Lizzy Harrison Loses Control Read online

Page 13


  Why is it that when he says I’m clean it makes me feel unspeakably dirty? It felt like such an insult from Dan, such a condemnation of sensible Lizzy Harrison, but in Randy’s mouth it seems flirtatious, exciting, challenging.

  ‘Clean?’ I say, laughing.

  ‘It kind of makes me want to mess you up, babe,’ he says, leaning over to cup my face in his hand. ‘Know what I mean?’

  I know exactly what he means, and it’s making me blush like a schoolgirl, so I’m a bit relieved when the waitress comes over with knives and forks and glasses and our conversation is temporarily interrupted.
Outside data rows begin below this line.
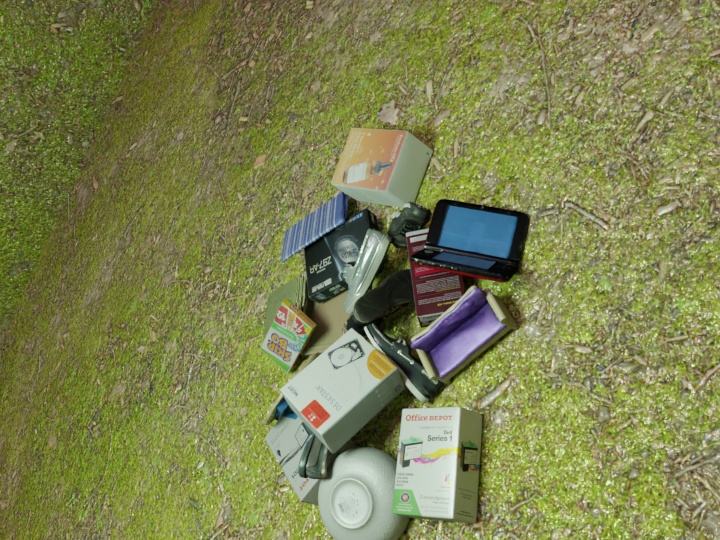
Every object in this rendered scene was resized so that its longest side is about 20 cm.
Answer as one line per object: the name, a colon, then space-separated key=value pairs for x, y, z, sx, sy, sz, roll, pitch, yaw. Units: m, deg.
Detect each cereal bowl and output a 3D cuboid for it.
cereal bowl: x=-0.002 y=0.454 z=1.474 sx=0.197 sy=0.083 sz=0.203 roll=-4 pitch=81 yaw=24

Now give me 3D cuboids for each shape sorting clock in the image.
shape sorting clock: x=-0.155 y=0.266 z=1.697 sx=0.039 sy=0.200 sz=0.201 roll=38 pitch=102 yaw=4

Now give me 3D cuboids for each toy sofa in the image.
toy sofa: x=0.200 y=0.128 z=1.470 sx=0.200 sy=0.097 sz=0.083 roll=-43 pitch=48 yaw=20

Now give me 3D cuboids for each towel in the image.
towel: x=-0.186 y=0.102 z=1.864 sx=0.199 sy=0.036 sz=0.150 roll=-30 pitch=50 yaw=52
towel: x=-0.112 y=-0.107 z=1.853 sx=0.199 sy=0.024 sz=0.146 roll=-32 pitch=28 yaw=20

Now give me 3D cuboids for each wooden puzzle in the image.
wooden puzzle: x=-0.062 y=0.106 z=1.782 sx=0.198 sy=0.037 sz=0.188 roll=-9 pitch=64 yaw=36

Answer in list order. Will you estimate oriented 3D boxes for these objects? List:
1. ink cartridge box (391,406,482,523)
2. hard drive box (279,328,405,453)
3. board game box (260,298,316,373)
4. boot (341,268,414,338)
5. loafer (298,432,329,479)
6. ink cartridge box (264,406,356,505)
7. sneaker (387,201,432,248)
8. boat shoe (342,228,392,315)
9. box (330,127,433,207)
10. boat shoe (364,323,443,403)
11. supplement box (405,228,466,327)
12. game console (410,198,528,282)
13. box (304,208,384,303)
ink cartridge box: x=0.146 y=0.366 z=1.416 sx=0.144 sy=0.084 sz=0.203 roll=-11 pitch=63 yaw=40
hard drive box: x=-0.035 y=0.239 z=1.507 sx=0.199 sy=0.077 sz=0.155 roll=-40 pitch=49 yaw=-16
board game box: x=-0.176 y=0.163 z=1.777 sx=0.095 sy=0.030 sz=0.201 roll=40 pitch=136 yaw=11
boot: x=0.050 y=0.079 z=1.634 sx=0.074 sy=0.199 sz=0.151 roll=52 pitch=150 yaw=12
loafer: x=-0.066 y=0.339 z=1.535 sx=0.062 sy=0.072 sz=0.202 roll=9 pitch=51 yaw=17
ink cartridge box: x=-0.105 y=0.391 z=1.646 sx=0.147 sy=0.085 sz=0.200 roll=-52 pitch=43 yaw=9
sneaker: x=0.103 y=-0.093 z=1.642 sx=0.200 sy=0.066 sz=0.092 roll=161 pitch=129 yaw=-77
boat shoe: x=0.000 y=0.000 z=1.659 sx=0.071 sy=0.070 sz=0.203 roll=28 pitch=106 yaw=6
box: x=0.050 y=-0.247 z=1.786 sx=0.199 sy=0.106 sz=0.154 roll=13 pitch=80 yaw=46
boat shoe: x=0.089 y=0.177 z=1.535 sx=0.060 sy=0.076 sz=0.200 roll=-43 pitch=83 yaw=7
supplement box: x=0.161 y=0.010 z=1.562 sx=0.107 sy=0.061 sz=0.203 roll=-10 pitch=60 yaw=9
game console: x=0.218 y=-0.063 z=1.483 sx=0.197 sy=0.172 sz=0.121 roll=11 pitch=103 yaw=19
box: x=-0.042 y=-0.034 z=1.779 sx=0.198 sy=0.043 sz=0.162 roll=-26 pitch=53 yaw=27
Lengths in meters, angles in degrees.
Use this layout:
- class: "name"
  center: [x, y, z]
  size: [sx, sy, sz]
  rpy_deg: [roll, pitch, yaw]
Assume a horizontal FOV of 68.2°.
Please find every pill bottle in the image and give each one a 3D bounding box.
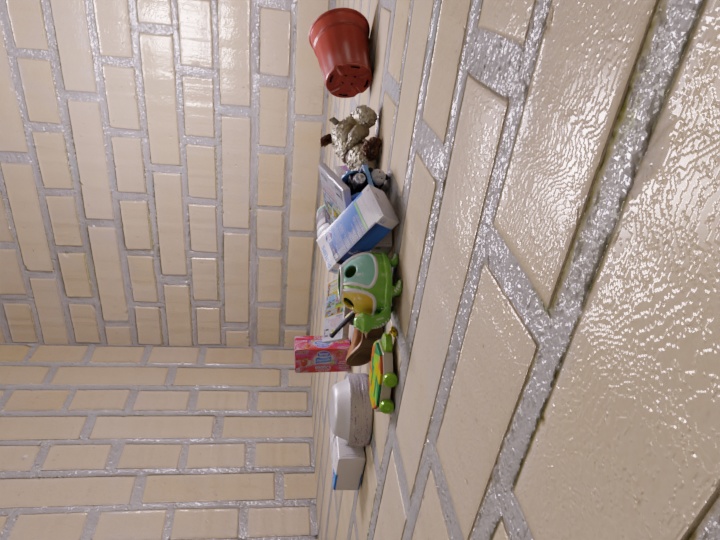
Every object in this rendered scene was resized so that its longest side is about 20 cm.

By the time she’s finished, Randy’s attention has already moved on to what the two of us should be wearing for our first official event as a couple, though it becomes obvious as he speaks that my role in this sartorial partnership is going to be as accessory to Randy rather than equal partner. He’s talking about using a stylist, about bringing in a hairdresser, about borrowing jewellery and shoes. I’m too grateful to him for agreeing to come to say that all of this sounds like my worst nightmare.

  ‘I’m thinking a sort of denim and leather theme,’ says Randy thoughtfully, as if this is a completely dramatic and unexpected departure for someone who is rarely seen in anything else.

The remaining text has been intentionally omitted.